Dataset extract:
◇ ◇ ◇ ◇ ◇ ◇ ◇

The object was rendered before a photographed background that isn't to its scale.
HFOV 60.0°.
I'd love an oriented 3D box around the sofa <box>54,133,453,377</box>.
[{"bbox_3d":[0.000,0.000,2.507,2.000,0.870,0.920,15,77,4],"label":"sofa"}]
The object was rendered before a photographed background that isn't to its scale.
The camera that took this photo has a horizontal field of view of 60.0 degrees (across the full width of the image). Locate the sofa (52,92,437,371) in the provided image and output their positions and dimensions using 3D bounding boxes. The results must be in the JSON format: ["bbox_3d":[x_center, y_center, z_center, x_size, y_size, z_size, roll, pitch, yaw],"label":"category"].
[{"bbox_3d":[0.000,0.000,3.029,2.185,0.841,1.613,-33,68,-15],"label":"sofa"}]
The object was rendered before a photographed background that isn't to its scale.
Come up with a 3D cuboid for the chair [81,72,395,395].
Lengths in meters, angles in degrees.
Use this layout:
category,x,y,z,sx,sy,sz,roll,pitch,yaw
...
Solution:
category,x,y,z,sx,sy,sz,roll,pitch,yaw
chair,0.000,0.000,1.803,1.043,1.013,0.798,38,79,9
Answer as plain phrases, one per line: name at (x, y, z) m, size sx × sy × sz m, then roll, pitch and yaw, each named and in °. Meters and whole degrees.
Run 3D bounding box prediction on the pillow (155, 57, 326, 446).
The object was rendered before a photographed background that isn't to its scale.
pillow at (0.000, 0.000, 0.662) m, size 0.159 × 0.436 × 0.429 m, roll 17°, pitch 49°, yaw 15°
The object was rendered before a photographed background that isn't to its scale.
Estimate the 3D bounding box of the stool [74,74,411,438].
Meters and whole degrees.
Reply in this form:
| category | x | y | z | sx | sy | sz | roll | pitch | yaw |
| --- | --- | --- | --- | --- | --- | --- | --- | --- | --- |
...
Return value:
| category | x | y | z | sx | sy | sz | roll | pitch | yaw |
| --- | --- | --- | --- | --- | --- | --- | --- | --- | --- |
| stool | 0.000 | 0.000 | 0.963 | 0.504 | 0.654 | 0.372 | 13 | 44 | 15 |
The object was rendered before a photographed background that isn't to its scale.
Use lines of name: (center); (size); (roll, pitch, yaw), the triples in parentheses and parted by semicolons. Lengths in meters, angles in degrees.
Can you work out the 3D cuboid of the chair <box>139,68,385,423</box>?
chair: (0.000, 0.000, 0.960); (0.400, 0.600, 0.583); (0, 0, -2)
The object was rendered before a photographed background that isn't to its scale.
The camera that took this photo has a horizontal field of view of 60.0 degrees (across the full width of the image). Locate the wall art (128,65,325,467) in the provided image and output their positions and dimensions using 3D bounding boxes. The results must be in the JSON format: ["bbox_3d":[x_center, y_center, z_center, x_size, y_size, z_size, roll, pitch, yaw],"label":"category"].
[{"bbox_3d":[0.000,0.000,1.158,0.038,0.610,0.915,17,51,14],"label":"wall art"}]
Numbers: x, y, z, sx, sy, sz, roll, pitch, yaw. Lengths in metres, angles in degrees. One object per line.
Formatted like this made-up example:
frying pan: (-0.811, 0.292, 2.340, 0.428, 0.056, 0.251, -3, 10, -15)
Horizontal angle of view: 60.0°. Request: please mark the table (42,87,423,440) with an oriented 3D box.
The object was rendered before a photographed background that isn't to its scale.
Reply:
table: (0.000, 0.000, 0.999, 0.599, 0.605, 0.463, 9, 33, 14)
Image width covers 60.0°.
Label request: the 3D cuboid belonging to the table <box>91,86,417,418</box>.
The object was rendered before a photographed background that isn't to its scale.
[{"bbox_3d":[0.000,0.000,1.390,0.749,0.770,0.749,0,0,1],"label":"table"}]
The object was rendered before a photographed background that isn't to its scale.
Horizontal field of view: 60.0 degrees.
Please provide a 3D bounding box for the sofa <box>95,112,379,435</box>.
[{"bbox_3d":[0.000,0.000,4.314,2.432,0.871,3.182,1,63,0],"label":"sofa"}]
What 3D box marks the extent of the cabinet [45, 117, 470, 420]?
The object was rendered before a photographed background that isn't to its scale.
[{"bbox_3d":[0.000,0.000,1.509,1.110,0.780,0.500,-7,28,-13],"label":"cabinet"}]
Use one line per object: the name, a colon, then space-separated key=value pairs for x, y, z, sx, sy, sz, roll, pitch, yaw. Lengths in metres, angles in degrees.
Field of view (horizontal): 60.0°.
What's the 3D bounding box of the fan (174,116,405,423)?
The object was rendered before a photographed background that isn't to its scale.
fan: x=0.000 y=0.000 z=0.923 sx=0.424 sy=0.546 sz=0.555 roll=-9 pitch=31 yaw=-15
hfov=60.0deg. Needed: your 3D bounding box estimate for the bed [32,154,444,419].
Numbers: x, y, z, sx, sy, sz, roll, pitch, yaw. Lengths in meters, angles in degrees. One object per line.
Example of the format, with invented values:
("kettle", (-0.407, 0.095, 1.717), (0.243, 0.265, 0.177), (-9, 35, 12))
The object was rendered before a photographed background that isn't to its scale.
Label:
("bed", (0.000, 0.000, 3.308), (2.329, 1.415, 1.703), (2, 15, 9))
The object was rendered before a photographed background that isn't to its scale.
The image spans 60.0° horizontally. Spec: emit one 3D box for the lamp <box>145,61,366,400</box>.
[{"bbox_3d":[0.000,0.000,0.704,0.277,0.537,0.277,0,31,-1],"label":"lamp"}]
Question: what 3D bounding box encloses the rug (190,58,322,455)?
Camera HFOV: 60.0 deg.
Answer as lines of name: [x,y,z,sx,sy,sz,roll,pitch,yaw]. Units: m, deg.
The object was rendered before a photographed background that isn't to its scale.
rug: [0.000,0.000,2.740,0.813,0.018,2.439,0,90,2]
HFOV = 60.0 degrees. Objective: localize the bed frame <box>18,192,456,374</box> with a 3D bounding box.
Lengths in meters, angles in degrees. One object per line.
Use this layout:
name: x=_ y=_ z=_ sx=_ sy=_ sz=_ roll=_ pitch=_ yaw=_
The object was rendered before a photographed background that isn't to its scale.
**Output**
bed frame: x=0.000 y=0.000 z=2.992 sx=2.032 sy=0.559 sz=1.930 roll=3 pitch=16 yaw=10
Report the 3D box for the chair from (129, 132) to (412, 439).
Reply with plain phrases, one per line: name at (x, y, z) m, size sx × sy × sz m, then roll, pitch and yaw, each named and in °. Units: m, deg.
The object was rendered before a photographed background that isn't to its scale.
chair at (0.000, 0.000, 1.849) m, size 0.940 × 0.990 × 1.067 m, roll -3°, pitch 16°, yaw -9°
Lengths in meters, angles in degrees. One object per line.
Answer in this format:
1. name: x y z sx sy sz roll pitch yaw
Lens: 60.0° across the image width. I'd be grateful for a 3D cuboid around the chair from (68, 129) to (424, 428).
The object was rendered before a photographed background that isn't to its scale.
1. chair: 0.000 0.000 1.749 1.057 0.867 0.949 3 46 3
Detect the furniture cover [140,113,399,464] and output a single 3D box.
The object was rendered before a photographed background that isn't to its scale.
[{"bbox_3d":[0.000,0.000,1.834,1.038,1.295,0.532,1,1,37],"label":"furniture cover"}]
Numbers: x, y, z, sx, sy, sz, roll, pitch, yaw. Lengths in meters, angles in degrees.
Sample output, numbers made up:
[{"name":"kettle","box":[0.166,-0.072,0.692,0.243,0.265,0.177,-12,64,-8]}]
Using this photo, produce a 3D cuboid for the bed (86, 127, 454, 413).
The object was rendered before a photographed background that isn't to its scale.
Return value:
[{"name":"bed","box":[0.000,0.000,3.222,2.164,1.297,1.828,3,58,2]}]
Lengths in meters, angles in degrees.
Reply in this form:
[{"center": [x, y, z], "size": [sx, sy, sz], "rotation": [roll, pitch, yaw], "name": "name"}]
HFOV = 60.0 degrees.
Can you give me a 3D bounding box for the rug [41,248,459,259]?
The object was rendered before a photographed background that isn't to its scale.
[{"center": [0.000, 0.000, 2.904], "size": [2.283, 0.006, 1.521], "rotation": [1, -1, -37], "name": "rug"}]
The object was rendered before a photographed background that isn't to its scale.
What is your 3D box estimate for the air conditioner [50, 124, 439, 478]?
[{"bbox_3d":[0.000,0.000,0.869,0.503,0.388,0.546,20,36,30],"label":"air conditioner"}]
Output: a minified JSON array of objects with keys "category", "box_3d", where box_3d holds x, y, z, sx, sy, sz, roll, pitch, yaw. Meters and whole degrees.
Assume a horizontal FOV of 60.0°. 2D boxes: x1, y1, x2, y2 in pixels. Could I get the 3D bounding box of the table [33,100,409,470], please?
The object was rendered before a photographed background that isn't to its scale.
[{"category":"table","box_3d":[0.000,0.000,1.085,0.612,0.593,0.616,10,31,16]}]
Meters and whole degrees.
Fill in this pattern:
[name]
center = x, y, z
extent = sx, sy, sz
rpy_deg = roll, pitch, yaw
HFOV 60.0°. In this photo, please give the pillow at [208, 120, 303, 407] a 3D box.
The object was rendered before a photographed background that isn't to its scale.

◇ ◇ ◇ ◇ ◇ ◇ ◇

Look above for the line with "(-9, 35, 12))" and the line with "Reply with plain". Retype those two lines and every line between them exactly, adding nothing.

Your response:
("kettle", (-0.407, 0.095, 1.717), (0.243, 0.265, 0.177), (-9, 35, 12))
The object was rendered before a photographed background that isn't to its scale.
Label:
("bed", (0.000, 0.000, 3.308), (2.329, 1.415, 1.703), (2, 15, 9))
The object was rendered before a photographed background that isn't to its scale.
The image spans 60.0° horizontally. Spec: emit one 3D box for the lamp <box>145,61,366,400</box>.
[{"bbox_3d":[0.000,0.000,0.704,0.277,0.537,0.277,0,31,-1],"label":"lamp"}]
Question: what 3D bounding box encloses the rug (190,58,322,455)?
Camera HFOV: 60.0 deg.
Answer as lines of name: [x,y,z,sx,sy,sz,roll,pitch,yaw]. Units: m, deg.
The object was rendered before a photographed background that isn't to its scale.
rug: [0.000,0.000,2.740,0.813,0.018,2.439,0,90,2]
HFOV = 60.0 degrees. Objective: localize the bed frame <box>18,192,456,374</box> with a 3D bounding box.
Lengths in meters, angles in degrees. One object per line.
Use this layout:
name: x=_ y=_ z=_ sx=_ sy=_ sz=_ roll=_ pitch=_ yaw=_
The object was rendered before a photographed background that isn't to its scale.
**Output**
bed frame: x=0.000 y=0.000 z=2.992 sx=2.032 sy=0.559 sz=1.930 roll=3 pitch=16 yaw=10
Report the 3D box for the chair from (129, 132) to (412, 439).
Reply with plain phrases, one per line: name at (x, y, z) m, size sx × sy × sz m, then roll, pitch and yaw, each named and in °. Units: m, deg.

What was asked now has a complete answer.